2.2 O PERFIL DO EDUCANDO COM NECESIDADES EDUCACIONAIS

2.2.1 Deficiência visual: conceitos, antecedentes históricos, limites e possibilidades

Para Smith (2008, p. 331), “quando as pessoas enxergam normalmente, quatro elementos devem estar presentes e operando: 1. luz; 2. algo que reflita a luz; 3. um olho que processe a imagem projetada por impulsos elétricos; 4. um cérebro que receba e empreste significado para esses impulsos.” Neste sentido, a visão é a função do sistema visual, representado pelos olhos. Esta função subdivide-se em três sentidos: da forma, cromático e luminoso. O sentido da forma corresponde à capacidade de o olho perceber a figura e a forma dos objetos. O sentido cromático corresponde à capacidade de o olho perceber as cores. E o sentido luminoso corresponde à capacidade de o olho distinguir graduações na intensidade da iluminação.

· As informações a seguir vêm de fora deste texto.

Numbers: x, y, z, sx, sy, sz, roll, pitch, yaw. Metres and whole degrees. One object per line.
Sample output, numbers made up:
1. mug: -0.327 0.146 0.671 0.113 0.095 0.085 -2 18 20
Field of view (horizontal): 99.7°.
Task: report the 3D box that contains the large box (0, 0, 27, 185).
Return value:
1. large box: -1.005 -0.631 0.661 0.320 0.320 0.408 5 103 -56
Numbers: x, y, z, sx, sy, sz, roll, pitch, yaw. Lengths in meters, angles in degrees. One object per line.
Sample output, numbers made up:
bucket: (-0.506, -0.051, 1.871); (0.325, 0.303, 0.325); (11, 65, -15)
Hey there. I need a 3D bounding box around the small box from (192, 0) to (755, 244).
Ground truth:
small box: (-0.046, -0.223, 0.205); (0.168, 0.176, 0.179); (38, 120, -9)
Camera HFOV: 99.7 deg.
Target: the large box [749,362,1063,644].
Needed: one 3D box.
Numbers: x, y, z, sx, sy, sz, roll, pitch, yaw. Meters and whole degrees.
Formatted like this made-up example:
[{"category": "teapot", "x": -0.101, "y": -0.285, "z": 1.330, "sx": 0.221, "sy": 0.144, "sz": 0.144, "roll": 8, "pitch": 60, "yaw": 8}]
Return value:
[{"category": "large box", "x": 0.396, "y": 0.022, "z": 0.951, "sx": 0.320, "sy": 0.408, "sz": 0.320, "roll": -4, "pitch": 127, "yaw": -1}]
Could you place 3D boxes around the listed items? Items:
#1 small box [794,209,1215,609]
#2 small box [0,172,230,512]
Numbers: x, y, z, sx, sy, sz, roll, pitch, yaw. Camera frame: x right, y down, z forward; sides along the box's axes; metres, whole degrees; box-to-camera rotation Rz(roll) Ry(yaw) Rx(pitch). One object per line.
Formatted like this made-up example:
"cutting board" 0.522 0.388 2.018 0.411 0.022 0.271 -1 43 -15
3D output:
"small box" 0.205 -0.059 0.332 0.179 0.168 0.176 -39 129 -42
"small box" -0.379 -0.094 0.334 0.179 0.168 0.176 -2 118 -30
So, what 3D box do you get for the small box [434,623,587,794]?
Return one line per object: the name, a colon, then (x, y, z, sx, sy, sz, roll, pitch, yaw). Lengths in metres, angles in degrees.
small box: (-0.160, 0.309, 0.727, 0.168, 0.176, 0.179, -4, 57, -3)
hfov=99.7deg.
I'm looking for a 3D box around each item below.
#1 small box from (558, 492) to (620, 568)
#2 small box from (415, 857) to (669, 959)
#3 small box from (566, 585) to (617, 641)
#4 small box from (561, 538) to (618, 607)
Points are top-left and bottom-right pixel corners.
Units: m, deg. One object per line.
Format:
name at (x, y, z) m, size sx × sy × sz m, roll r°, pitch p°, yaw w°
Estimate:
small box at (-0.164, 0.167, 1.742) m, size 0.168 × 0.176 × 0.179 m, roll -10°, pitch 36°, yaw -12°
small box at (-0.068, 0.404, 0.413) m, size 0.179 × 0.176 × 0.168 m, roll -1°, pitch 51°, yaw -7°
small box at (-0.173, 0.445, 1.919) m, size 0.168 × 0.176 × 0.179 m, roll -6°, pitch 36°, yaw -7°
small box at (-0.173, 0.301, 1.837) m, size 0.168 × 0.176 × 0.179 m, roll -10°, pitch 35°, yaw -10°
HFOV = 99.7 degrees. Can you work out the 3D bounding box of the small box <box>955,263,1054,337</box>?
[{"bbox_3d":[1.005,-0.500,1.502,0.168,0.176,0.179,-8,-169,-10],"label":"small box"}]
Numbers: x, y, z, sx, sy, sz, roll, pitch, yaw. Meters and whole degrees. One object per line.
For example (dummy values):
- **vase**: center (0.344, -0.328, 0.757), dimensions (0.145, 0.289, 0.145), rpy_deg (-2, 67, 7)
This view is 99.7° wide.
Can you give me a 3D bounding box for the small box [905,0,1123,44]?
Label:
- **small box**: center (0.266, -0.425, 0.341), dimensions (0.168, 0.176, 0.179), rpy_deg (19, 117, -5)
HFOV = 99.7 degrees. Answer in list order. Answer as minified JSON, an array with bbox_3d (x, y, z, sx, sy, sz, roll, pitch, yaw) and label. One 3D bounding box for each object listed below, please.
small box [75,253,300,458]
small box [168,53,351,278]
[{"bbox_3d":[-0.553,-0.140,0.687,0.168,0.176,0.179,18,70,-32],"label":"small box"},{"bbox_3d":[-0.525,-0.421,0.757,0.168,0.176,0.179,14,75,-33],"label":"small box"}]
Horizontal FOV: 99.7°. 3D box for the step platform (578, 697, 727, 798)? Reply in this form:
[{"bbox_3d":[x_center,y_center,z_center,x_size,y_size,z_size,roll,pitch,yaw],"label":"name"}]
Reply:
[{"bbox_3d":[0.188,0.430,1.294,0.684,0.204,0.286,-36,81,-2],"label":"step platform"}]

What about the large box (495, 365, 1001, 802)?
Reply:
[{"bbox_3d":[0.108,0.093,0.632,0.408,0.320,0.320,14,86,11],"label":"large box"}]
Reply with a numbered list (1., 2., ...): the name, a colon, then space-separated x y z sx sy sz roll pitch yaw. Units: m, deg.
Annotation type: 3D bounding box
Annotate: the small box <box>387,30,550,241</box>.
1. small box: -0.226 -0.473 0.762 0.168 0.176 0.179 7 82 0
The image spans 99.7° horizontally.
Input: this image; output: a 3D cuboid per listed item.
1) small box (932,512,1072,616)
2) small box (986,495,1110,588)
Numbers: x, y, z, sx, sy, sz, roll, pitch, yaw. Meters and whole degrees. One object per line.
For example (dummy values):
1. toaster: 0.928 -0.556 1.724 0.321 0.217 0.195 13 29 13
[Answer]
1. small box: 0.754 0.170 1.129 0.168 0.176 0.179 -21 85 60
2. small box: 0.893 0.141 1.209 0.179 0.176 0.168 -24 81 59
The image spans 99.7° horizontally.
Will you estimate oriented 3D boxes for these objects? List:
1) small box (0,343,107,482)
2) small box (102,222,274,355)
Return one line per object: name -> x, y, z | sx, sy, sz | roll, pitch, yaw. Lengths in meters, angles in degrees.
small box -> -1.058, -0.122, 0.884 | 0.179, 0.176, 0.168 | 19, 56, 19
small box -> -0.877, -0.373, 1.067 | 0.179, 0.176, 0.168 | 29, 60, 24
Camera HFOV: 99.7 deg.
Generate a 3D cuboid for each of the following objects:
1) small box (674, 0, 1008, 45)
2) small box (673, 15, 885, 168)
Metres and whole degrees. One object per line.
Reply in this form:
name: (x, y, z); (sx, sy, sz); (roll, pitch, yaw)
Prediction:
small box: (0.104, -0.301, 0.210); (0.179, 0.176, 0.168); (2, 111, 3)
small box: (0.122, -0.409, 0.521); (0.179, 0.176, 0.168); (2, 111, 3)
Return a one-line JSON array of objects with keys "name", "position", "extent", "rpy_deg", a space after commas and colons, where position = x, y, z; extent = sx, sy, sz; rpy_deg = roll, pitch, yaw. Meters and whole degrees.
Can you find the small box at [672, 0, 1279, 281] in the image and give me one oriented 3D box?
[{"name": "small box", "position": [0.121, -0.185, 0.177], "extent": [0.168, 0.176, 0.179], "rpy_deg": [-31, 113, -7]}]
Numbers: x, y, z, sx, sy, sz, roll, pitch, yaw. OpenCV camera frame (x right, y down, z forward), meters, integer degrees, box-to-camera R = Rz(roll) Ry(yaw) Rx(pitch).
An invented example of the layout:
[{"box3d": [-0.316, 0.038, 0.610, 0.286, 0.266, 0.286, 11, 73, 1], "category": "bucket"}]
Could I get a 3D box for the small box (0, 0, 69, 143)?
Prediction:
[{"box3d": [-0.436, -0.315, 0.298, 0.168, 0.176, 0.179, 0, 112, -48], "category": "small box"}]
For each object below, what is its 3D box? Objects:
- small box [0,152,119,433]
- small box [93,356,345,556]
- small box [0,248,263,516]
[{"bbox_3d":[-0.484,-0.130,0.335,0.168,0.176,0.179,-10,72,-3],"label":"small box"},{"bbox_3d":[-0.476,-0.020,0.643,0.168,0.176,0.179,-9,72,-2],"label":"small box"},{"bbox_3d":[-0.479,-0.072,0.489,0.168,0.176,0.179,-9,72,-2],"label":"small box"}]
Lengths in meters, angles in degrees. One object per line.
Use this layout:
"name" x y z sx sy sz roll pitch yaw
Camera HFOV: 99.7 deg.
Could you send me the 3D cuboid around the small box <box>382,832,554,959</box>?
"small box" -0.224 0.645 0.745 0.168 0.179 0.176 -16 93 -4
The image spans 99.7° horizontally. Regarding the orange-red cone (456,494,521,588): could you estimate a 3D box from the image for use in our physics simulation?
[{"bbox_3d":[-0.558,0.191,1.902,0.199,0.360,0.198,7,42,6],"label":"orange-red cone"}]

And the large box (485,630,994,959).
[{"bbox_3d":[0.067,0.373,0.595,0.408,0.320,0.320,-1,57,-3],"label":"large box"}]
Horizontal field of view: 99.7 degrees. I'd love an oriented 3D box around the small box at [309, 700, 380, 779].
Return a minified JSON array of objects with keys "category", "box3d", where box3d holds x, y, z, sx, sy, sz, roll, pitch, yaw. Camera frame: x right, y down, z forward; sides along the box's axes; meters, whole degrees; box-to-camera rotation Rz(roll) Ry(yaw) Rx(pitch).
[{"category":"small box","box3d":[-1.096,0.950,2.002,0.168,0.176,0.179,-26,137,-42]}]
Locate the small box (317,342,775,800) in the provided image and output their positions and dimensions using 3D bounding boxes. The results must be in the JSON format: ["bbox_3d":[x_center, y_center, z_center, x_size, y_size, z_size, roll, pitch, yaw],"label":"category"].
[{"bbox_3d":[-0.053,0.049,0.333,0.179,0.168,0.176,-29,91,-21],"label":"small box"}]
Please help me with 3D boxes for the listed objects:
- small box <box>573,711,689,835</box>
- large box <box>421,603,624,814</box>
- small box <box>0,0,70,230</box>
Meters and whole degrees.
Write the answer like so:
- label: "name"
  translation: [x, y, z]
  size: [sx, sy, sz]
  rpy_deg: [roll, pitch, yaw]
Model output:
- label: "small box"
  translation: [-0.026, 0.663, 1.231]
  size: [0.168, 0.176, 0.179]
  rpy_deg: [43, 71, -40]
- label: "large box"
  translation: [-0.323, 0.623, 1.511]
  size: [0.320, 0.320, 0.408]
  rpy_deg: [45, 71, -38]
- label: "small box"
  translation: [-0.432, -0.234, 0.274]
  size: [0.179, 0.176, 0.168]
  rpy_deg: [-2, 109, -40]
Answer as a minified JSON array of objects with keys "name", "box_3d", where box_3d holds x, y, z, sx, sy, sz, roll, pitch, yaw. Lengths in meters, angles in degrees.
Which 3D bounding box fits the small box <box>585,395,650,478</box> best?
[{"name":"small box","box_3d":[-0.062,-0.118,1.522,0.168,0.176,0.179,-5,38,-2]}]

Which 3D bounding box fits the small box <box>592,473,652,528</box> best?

Quando uma pessoa se apresenta com a visão perceptível completa nestes três sentidos, podemos dizer que sua visão é normal, ou seja, que ela tem a capacidade de perceber

visualmente a forma e os objetos, as cores, e a luminosidade, sem ou com auxílio de correção. Ressaltemos aqui que, embora existam algumas controvérsias por parte da comunidade internacional, em geral, as pessoas que apresentam uma visão normal após sua correção não são consideradas deficientes visuais (MARTÍN; RAMIREZ, 2003, p. 40).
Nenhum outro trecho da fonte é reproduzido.